# How to build an arena (menage, school) for £3500!



## a1icem (27 August 2010)

Hi

I have recently built a 20x35m arena at home for around three and a half grand! I used the H&H forum quite a lot to help, so i would like to put this post on here in case anyone else is in my situation and needs some help!

I understand that I have been very lucky with some things, and others will not be appropriate for everyone, but hopefully it might give you some ideas and show how thinking out of the box sometimes can help!


Groundworks:

What promted building this school was taking the oppertunity of having some road works going on 100m down the road from us. So we approached the foreman to see if he would do the work for us for some extra cash.

The plan was to scrape off the topsoil, lay a membrane, put in a layer of road plannings (taken from the road they dug up during the roadworks) add a drain away and pipe at the bottom of the school leading to the stream which runs along the edge of out property. The area we are using slopes down slightly to the stream so we hoped this would help the drainage!

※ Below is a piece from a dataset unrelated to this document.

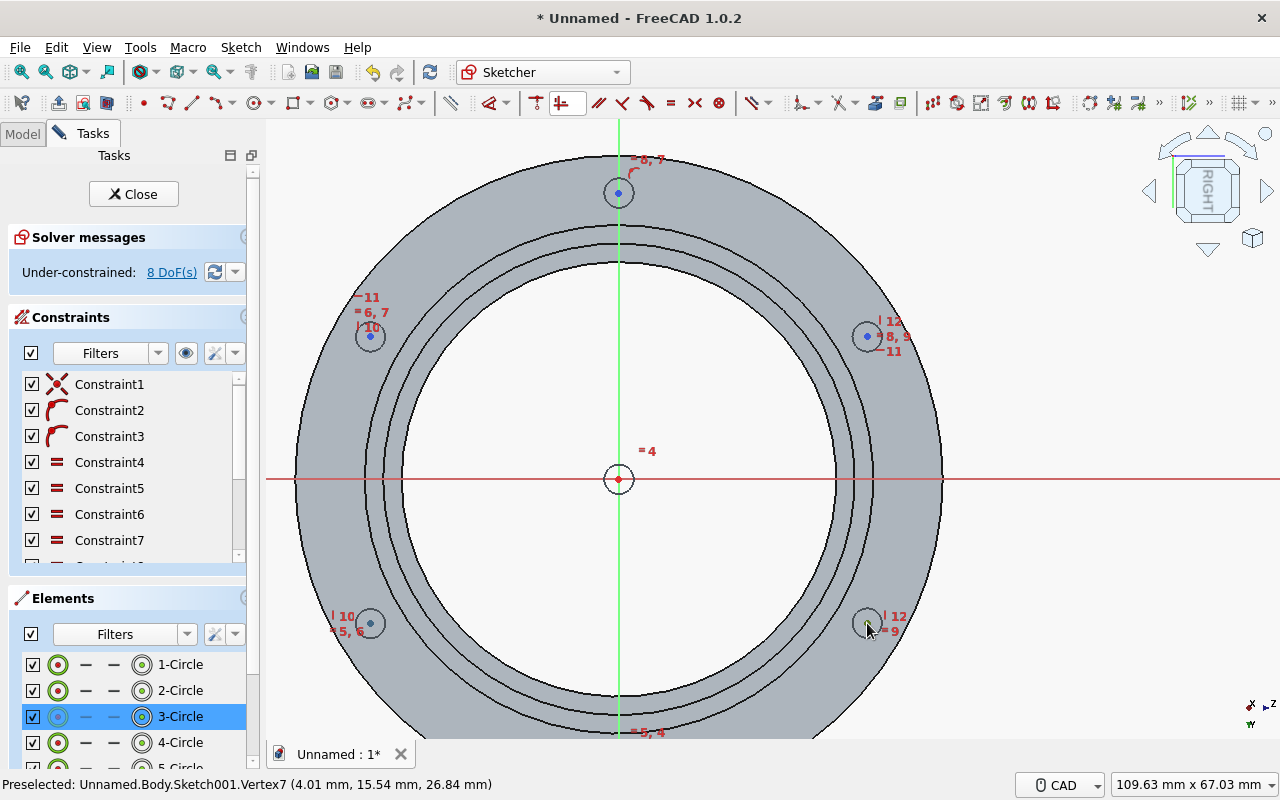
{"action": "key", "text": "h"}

For the membrane we used plastic wallpaper we got from a local wallpaper factory who were going to throw it away as it was no use to them anymore. This worked great! and the grounds works men said that it was as good as what they use!

They came and did this in 7 evenings and cost £750 for the labour and £80 per load for the plannings (8 loads)


Surface:

We were lucky enough to know a man down the road from us who had an arena built at his house 15 years ago and has not used it for 10 years. He wanted to get rid of it as the grass would not grow properly on it (not surprising as it was 10inch deep sand!). He said that if we took it away for him we could have it for free. He informed us it was Igtham white sand and cost £3000 when he put it in!

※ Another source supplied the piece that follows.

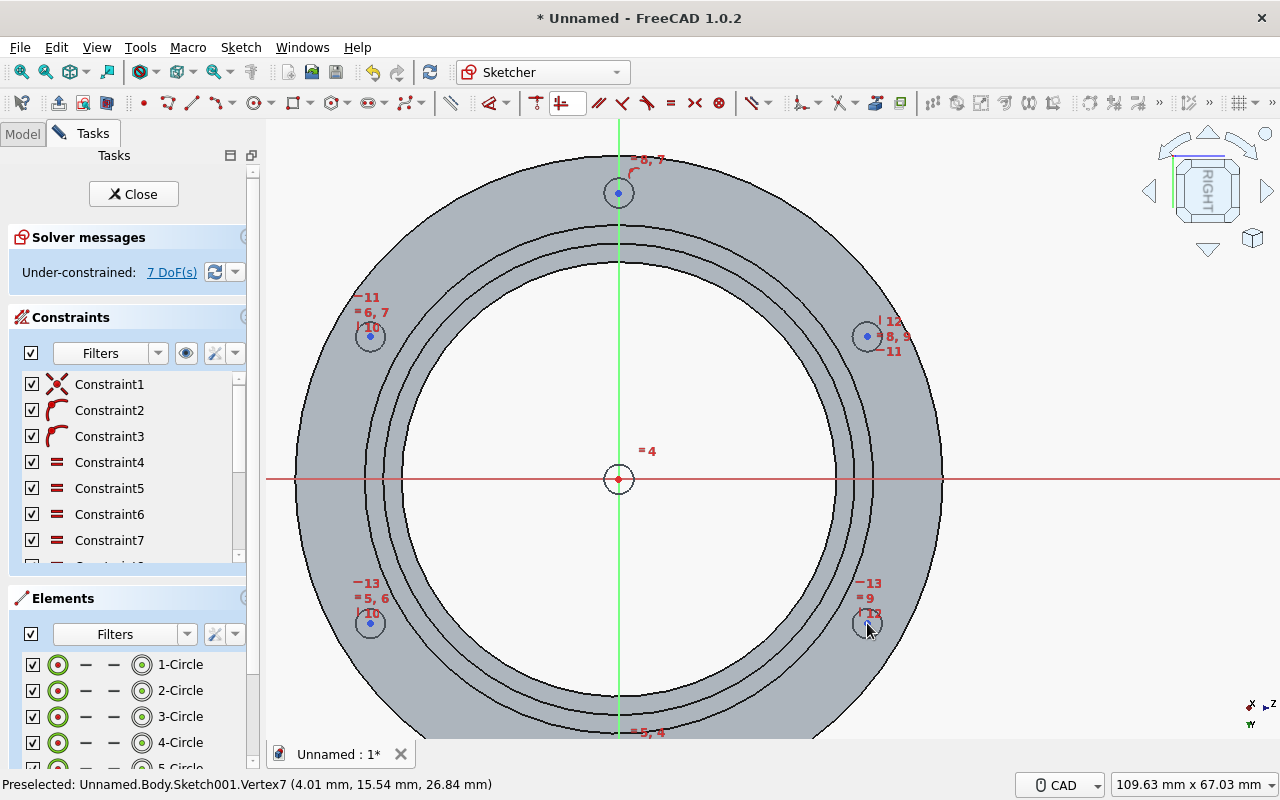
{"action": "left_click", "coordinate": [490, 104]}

We got a local company to come in and scrape all the sand up into a big pile (£300) ready for the grab truck to collect.

At this point we bought 4 bales of fiber from softrack arenas to mix in with the sand. These cost us £200 each and we collected them in our lorry as they were fairly local.

Back at home we layed the membrane on top of the plannings, we used terram to save money and I spent 3 days sewing the bits together with twine. This was hard work (I was paranoid that the membrane would come up!) but it worked really well and was worth the line of sunburn across my back!

It took 1 morning and 9 loads for the grab truck to deliver the sand to our house (£300)

It took a further evening and £80 for the roadworks men to come and flatten, tramp and level the sand.

As we had only killed the grass and not removed it the surface of the school was all clumpy where the grass had not yet broken up. So my dad spent the best part of a day riding round and round on the rideon lawmower (which we also use to pull the harrow) chopping up the grass! This again worked really well and added some natural fiber to mix in with the synthetic stuff!

Fencing Etc:

For the kickboards we went to out local salvage yard where we managed to get the right kind of wood for £1.12p/m saving us £1.40p/m off the cost of going to our local timber merchant.

One end of the school has been left open so that I have a bit more turning room when I jump in the summer and so for that end we sourced some local grade 3/C railway sleepers (the cheapest grade) and banked the topsoil we removed up on the other side to create a sort of ramp.

One long side was the boundary of our land so we had a fence there already, the other long side was part building, and the other part we used a telegraph pole pulled up during the road works.

The top fencing was moved from an area we didn't need it anymore and we put it in ourselves.


After a couple of harrows, plenty of watering and a week to settle the surface is perfect! It is not too soft or hard and my horses ride over it rather than through it! So far it seems it will not need a lot of harrowing either!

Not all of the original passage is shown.